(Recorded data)
━━━━━━━━━━━━━━━━━━━━

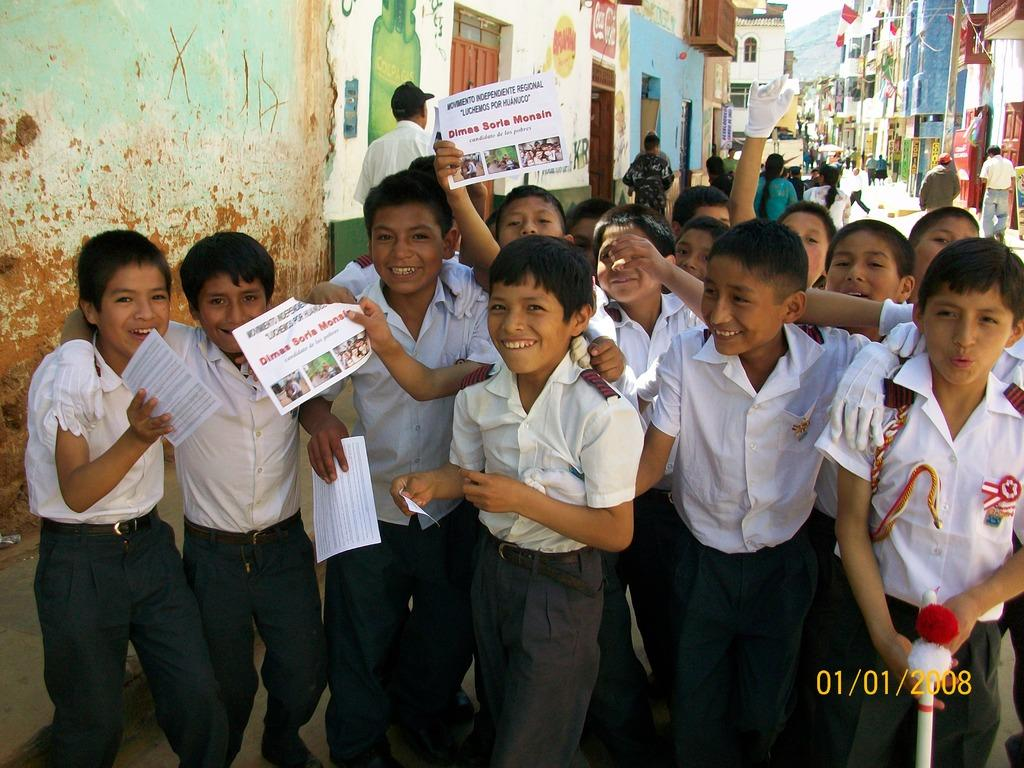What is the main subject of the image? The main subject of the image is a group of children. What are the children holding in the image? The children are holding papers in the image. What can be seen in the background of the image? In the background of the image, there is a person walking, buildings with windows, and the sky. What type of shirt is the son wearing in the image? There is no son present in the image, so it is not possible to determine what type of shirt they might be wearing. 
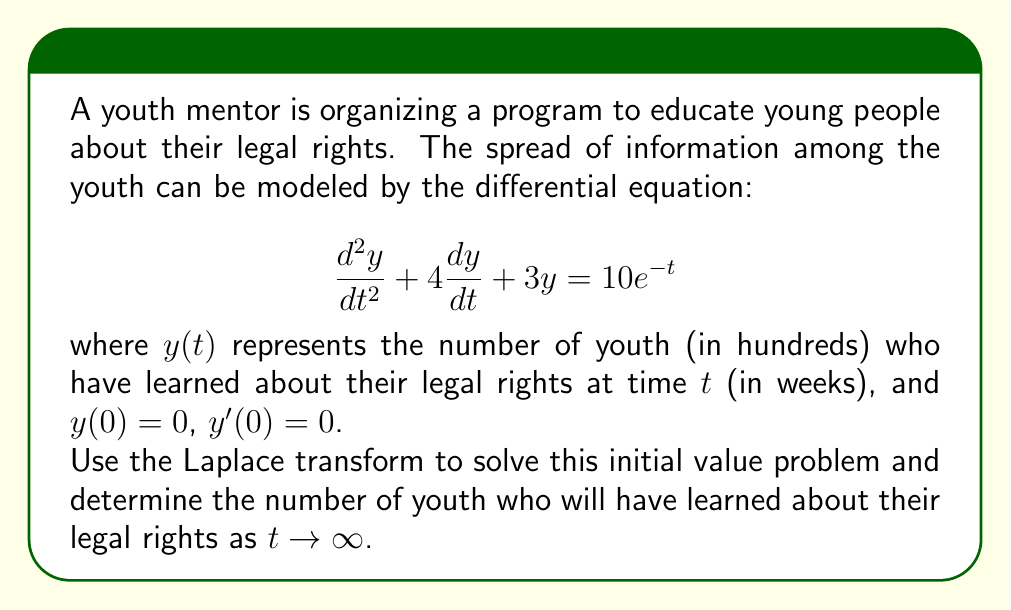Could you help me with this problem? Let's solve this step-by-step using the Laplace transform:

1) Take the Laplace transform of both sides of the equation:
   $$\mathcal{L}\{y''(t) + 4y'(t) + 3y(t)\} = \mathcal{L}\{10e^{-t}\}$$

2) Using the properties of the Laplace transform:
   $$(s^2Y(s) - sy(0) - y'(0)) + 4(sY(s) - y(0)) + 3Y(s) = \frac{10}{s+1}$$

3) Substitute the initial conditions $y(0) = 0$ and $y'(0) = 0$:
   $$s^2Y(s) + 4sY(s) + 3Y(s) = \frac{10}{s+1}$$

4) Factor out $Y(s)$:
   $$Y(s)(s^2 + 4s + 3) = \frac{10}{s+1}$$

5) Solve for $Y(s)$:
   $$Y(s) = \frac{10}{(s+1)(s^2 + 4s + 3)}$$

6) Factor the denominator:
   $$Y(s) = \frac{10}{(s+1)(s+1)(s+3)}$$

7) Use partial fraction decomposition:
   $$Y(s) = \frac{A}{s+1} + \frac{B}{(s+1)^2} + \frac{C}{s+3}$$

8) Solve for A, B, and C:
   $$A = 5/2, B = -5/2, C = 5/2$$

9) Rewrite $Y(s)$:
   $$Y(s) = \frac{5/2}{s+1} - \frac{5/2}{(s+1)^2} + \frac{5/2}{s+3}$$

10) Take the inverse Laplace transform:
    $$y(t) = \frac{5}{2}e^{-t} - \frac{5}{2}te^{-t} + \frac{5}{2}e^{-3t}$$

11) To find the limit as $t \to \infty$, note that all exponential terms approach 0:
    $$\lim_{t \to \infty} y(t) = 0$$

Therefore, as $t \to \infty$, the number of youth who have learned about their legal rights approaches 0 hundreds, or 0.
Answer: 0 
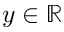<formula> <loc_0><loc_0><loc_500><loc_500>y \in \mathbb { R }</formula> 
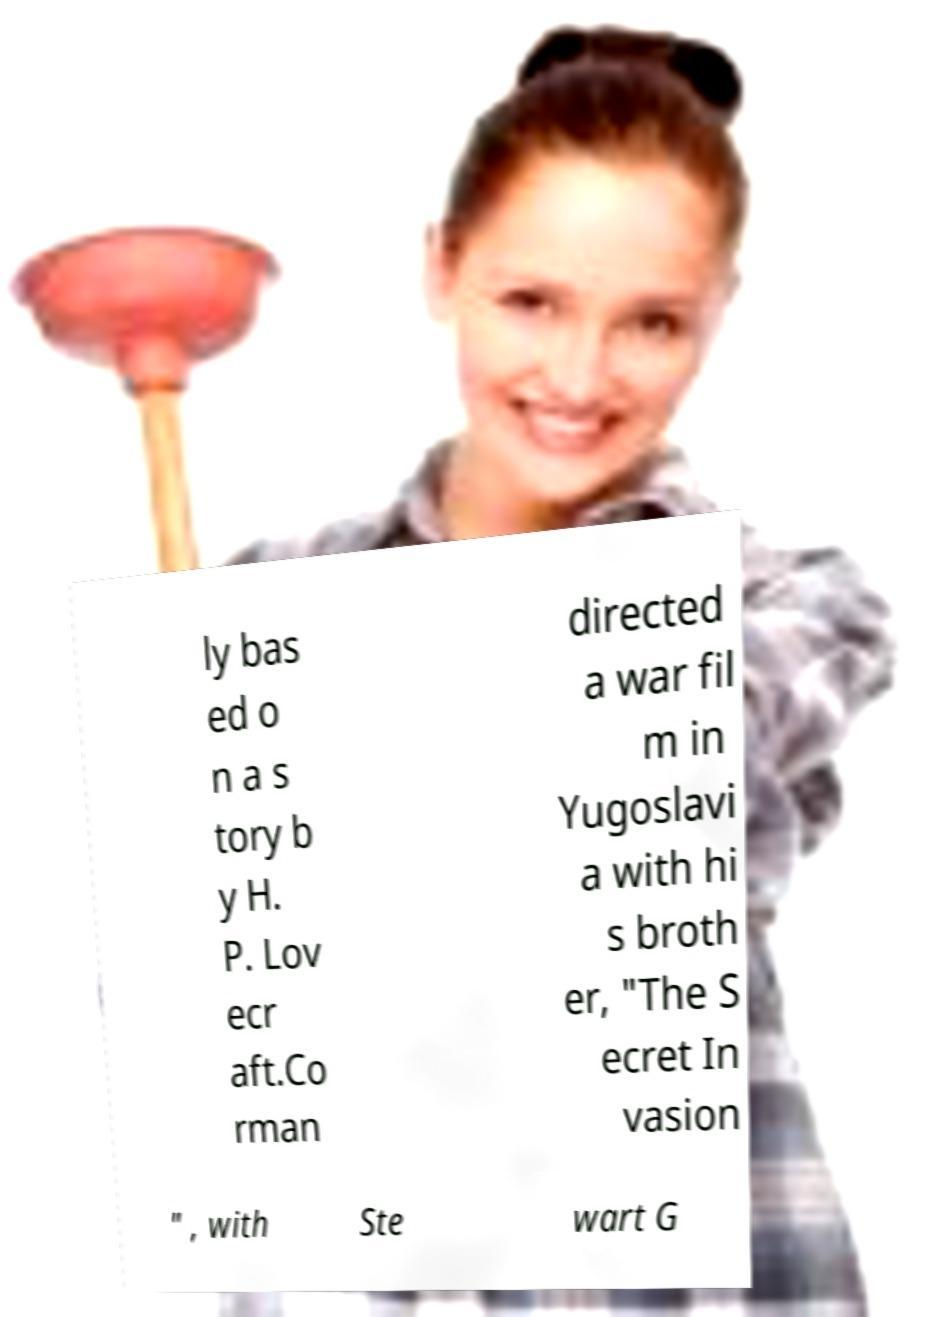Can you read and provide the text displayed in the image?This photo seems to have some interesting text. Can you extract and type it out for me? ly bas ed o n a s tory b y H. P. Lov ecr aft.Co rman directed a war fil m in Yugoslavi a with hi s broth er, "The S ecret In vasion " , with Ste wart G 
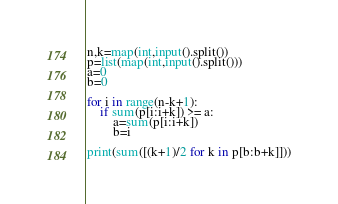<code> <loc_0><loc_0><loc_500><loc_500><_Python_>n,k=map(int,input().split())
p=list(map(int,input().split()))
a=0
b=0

━━━━━━━━━━━━━━━━━━━━

Each line above that contains the word "Factor" must be copied.

4) Factor out $Y(s)$:
6) Factor the denominator:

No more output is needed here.